Fox News is reporting that according to Israeli intelligence officials, Mohammed Deif was killed in Tuesday night's airstrike on his home (or was it the rocket division commander's home?) in Sheikh Redwan.
Hamas' military chief is believed to have been killed in an airstrike in Gaza early Wednesday, Israeli intelligence sources tell Fox News.
Israeli officials said Wednesday the country's military targeted Mohammed Deif after militants fired rockets at Israeli cities just hours before a temporary cease-fire was set to expire.
The Times of Israel reported that a house believed to be the home of Deif was hit early Wednesday. Dief has escaped numerous Israeli assassination attempts in the past. It was not immediately clear whether he was there at the time of the attack.
In Cairo, Moussa Abu Marzouk, a senior Hamas leader, said that among those killed in the airstrike on the three-story house in Gaza City were Deif's wife and a child. Three others in the building were also killed.
Abu Obeida, the spokesman for Hamas' military wing, said Israel was "unable to get to our commander Deif," saying he will "lead the army that will enter to liberate the holy al-Aqsa mosque" in Jerusalem.

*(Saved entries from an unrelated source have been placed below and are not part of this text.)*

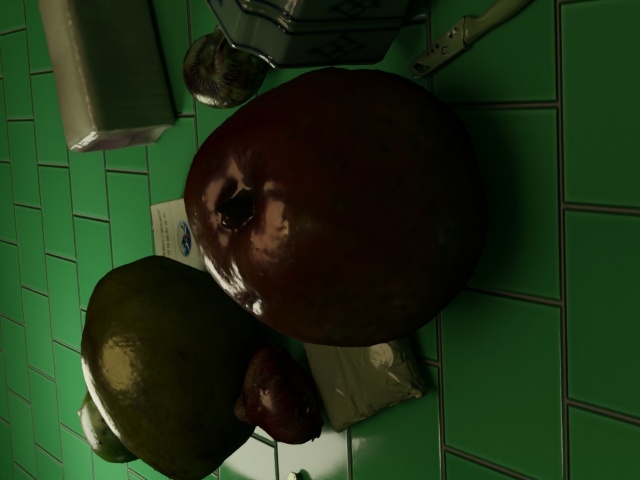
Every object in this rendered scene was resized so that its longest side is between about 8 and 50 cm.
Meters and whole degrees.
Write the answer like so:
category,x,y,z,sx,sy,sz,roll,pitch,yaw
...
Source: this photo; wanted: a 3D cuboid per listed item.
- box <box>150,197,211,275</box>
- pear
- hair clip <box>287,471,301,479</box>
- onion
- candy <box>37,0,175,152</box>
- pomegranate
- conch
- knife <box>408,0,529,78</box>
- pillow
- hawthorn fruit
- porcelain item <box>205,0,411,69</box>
category,x,y,z,sx,sy,sz,roll,pitch,yaw
box,-0.249,-0.006,2.138,0.256,0.069,0.164,-6,92,58
pear,-0.260,0.224,1.965,0.352,0.352,0.414,-30,83,55
hair clip,-0.038,0.515,1.951,0.060,0.033,0.189,-17,82,57
onion,-0.075,0.273,1.824,0.147,0.184,0.184,-29,65,10
candy,-0.444,-0.370,2.237,0.145,0.208,0.359,-26,74,55
pomegranate,-0.416,0.394,2.396,0.211,0.263,0.211,4,-90,-78
conch,-0.159,-0.321,1.891,0.187,0.124,0.181,-64,30,7
knife,0.201,-0.282,1.423,0.293,0.019,0.043,-33,71,56
pillow,0.042,0.150,1.710,0.280,0.076,0.275,-37,67,55
hawthorn fruit,0.007,-0.043,1.422,0.402,0.402,0.403,18,111,55
porcelain item,-0.023,-0.386,1.508,0.286,0.281,0.157,62,145,31
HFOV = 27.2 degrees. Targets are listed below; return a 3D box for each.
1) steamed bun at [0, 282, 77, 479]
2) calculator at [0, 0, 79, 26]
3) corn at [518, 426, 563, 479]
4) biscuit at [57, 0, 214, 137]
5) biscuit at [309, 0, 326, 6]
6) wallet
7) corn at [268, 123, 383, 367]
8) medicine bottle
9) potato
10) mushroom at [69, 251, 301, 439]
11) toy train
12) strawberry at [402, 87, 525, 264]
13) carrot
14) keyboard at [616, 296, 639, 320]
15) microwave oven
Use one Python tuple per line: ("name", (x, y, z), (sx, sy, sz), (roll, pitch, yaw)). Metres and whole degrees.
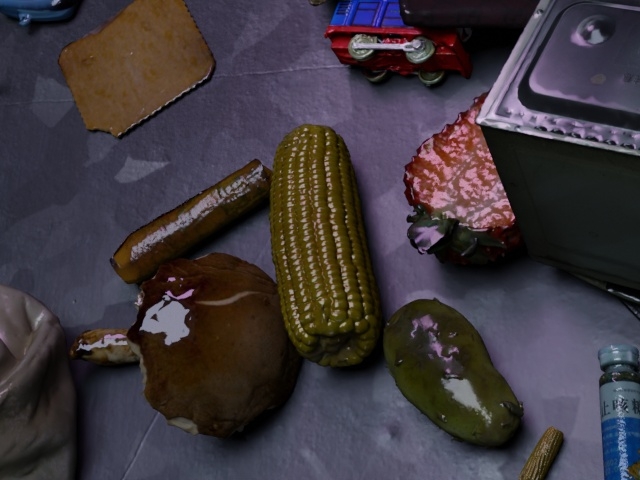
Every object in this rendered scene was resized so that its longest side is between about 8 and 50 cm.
("steamed bun", (-0.505, 0.220, 1.755), (0.342, 0.255, 0.368), (-28, 57, 8))
("calculator", (-0.447, -0.483, 2.231), (0.173, 0.051, 0.293), (9, 68, 28))
("corn", (0.252, 0.252, 1.509), (0.028, 0.027, 0.083), (28, 75, 17))
("biscuit", (-0.291, -0.279, 2.068), (0.232, 0.013, 0.237), (-32, 54, 6))
("biscuit", (0.033, -0.417, 1.925), (0.131, 0.025, 0.231), (-25, 31, 12))
("wallet", (0.217, -0.344, 1.782), (0.229, 0.049, 0.182), (0, 50, -1))
("corn", (0.000, 0.000, 1.703), (0.131, 0.131, 0.344), (-20, 50, 15))
("medicine bottle", (0.338, 0.212, 1.475), (0.051, 0.051, 0.191), (-10, 60, 21))
("potato", (0.153, 0.158, 1.569), (0.117, 0.090, 0.225), (-43, 51, 4))
("mushroom", (-0.172, 0.108, 1.722), (0.301, 0.233, 0.208), (32, 122, 48))
("toy train", (0.114, -0.288, 1.836), (0.204, 0.083, 0.131), (8, 66, 28))
("strawberry", (0.205, -0.064, 1.663), (0.188, 0.106, 0.286), (18, 60, 28))
("carrot", (-0.174, -0.026, 1.842), (0.260, 0.070, 0.070), (-32, 55, 7))
("keyboard", (0.388, 0.073, 1.551), (0.053, 0.010, 0.155), (-40, 54, 2))
("microwave oven", (0.423, -0.095, 1.431), (0.394, 0.333, 0.247), (16, 63, 32))

Hamas is also warning foreign airlines not to fly into or out of Ben Gurion Airport after 6:00 am Thursday morning. 
"We are warning international airlines and press them to stop flying into Ben Gurion airport from 6 am (0300 GMT) Thursday," Al Qassam Brigades spokesman Abu Obeida stated Wednesday, in a televised speech.
The move marks yet another Hamas 'scare attempt' aimed at harming Israel's economy and security reputation, after a rocket hit near Ben-Gurion airport last month scared international airlines into canceling flights for several days. 
The cancelations followed a US Federal Aviation Administration (FAA) ban on American carriers flying to Israel; several European companies followed suit, as had those from Turkey and Jordan. Israeli national carriers maintained their usual flight schedules.
Overall, however, the move was hailed as a "great victory" for the terror group.
"The success of Hamas in closing Israeli airspace is a great victory for the resistance, and is the crown of Israel's failure," Hamas spokesman Sami Abu Zuhri said last month.
It will be interesting to see if the FAA bans flights to Israel again. Just yesterday, the instituted a ban on flights to Syria. It only took three years. But no, it's not political, is it?